3.2.1 Which of the following outputs would you expect to see?

1. All of the lines between the first and the last lines of each file ending in `.txt`
    in the `data` directory
2. The first and the last line of each file ending in `.txt` in the `data` directory
3. The first and the last line of each file in the `data` directory
4. An error because of the quotes around `*.txt`


### Find the longest file with a given extension 

3.３ Write a shell script called `longest.sh` that takes the name of a directory and a filename extension as its arguments, and prints out the name of the file with the most lines in that directory with that extension. For example:

```bash
$ bash longest.sh data/ txt
```

would print the name of the `.txt` file in `data` that has the most lines.

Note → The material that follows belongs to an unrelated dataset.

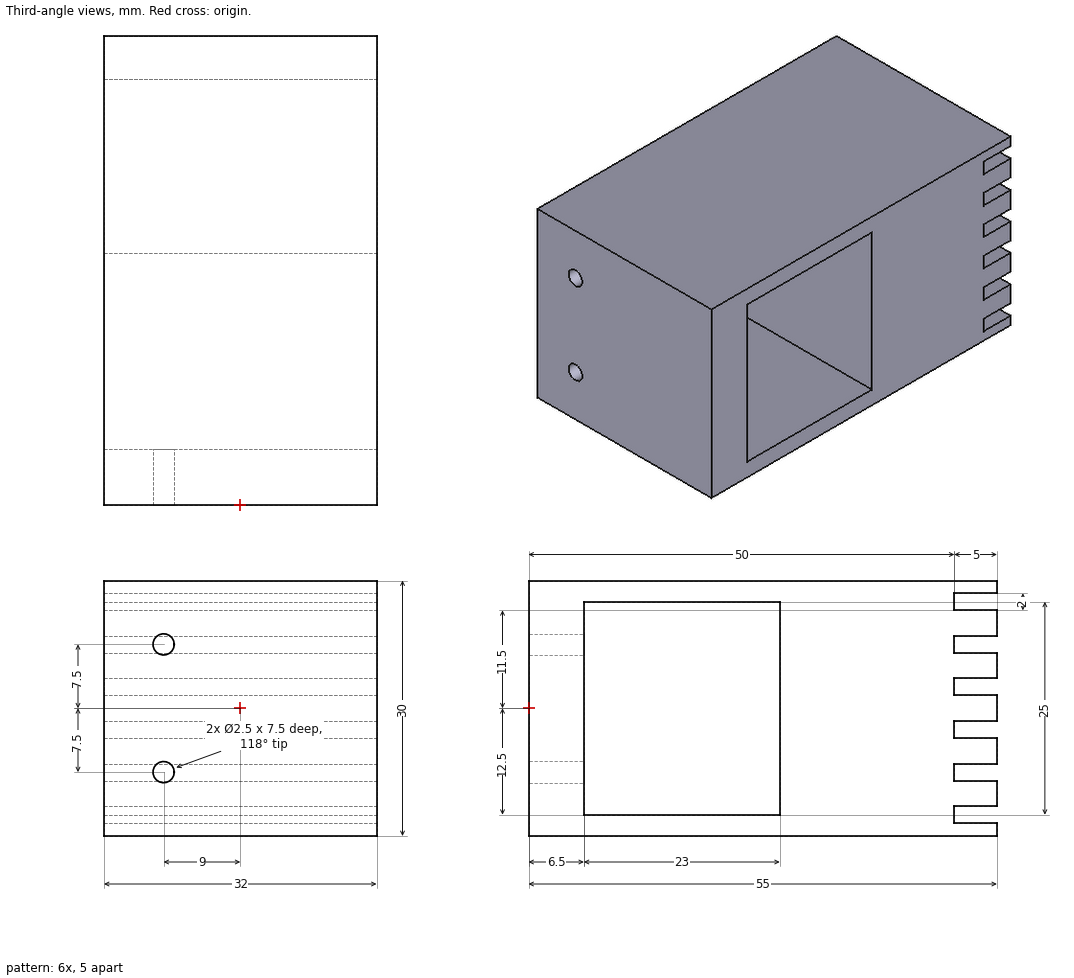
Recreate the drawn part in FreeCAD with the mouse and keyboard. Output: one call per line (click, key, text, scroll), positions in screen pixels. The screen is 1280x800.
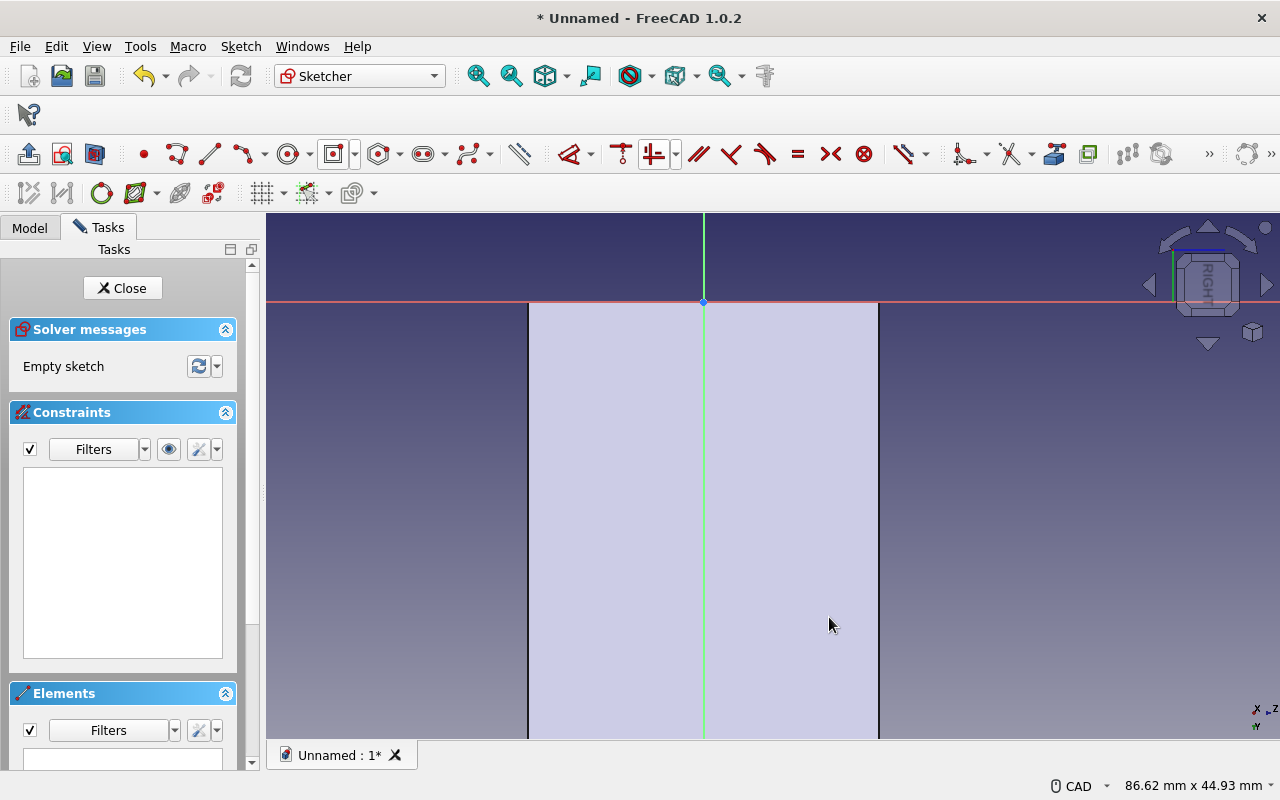
click(354, 154)

### Script reading comprehension 

3.4 For this question, consider your `data` directory once again.
Explain what each of the following three scripts would do when run as `bash script1.sh *.txt`, `bash script2.sh *.txt`, and `bash script3.sh *.txt` respectively.

```bash
# script1.sh
echo *.*
```

```bash
# script2.sh
for filename in $1 $2 $3
  do
    cat $filename
  done
```

```bash
# script3.sh
echo $@.txt
```

(You may need to search online to find the meaning of `$@`.)

### Using `grep`

Assume the following text from *The Adventures of Sherlock Holmes* is contained in a file called `excerpt.txt`:

```text
To Sherlock Holmes she is always THE woman. I have seldom heard
him mention her under any other name. In his eyes she eclipses
and predominates the whole of her sex. It was not that he felt
any emotion akin to love for Irene Adler.
```

3.5 Which of the following commands would provide the following output:

```text
and predominates the whole of her sex. It was not that he felt
```

1. `grep "he" excerpt.txt`
2. `grep -E "he" excerpt.txt`
3. `grep -w "he" excerpt.txt`
4. `grep -i "he" excerpt.txt`


### Tracking publication years

In Exercise **TODO** ref(bash-tools-ex-pipe-construction) you examined code that extracted the publication year from a list of book titles.

3.6 Write a shell script called `year.sh` that takes any number of filenames as command-line arguments, and uses a variation of the code you used earlier to print a list of the unique publication years appearing in each of those files separately.


### Counting names 

You and your friend have just finished reading *Sense and Sensibility* and are now having an argument.
Your friend thinks that the elder of the two Dashwood sisters, Elinor, was mentioned more frequently in the book, but you are certain it was the younger sister, Marianne.
Luckily, `sense_and_sensibility.txt` contains the full text of the novel. 

3.7 Using a `for` loop, how would you tabulate the number of times each of the sisters is mentioned?

Hint: one solution might employ the commands `grep` and `wc` and a `|`, while another might utilize `grep` options.
There is often more than one way to solve a problem with the shell; people choose solutions based on readability, speed, and what commands they are most familiar with.

### Matching and subtracting

Assume you are in the root directory of the `zipf` project.

3.8 Which of the following commands will find all files in `data` whose names end in `e.txt`, but do *not* contain the word `machine`?

1.  `find data -name '*e.txt' | grep -v machine`
2.  `find data -name *e.txt | grep -v machine`
3.  `grep -v "machine" $(find data -name '*e.txt')`
4.  None of the above.

### `find` pipeline reading comprehension 

3.9 Write a short explanatory comment for the following shell script:

```bash
wc -l $(find . -name '*.dat') | sort -n
```

### Finding files with different properties 

The `find` command can be given criteria called "tests" to locate files with specific attributes, such as creation time, size, or ownership.

3.10.1 Use `man find` to explore these, then write a single command using `-type`, `-mtime`, and `-user` to find all files in or below your Desktop directory that are owned by you and were modified in the last 24 hours.

3.10.2 Explain why the value for `-mtime` needs to be negative.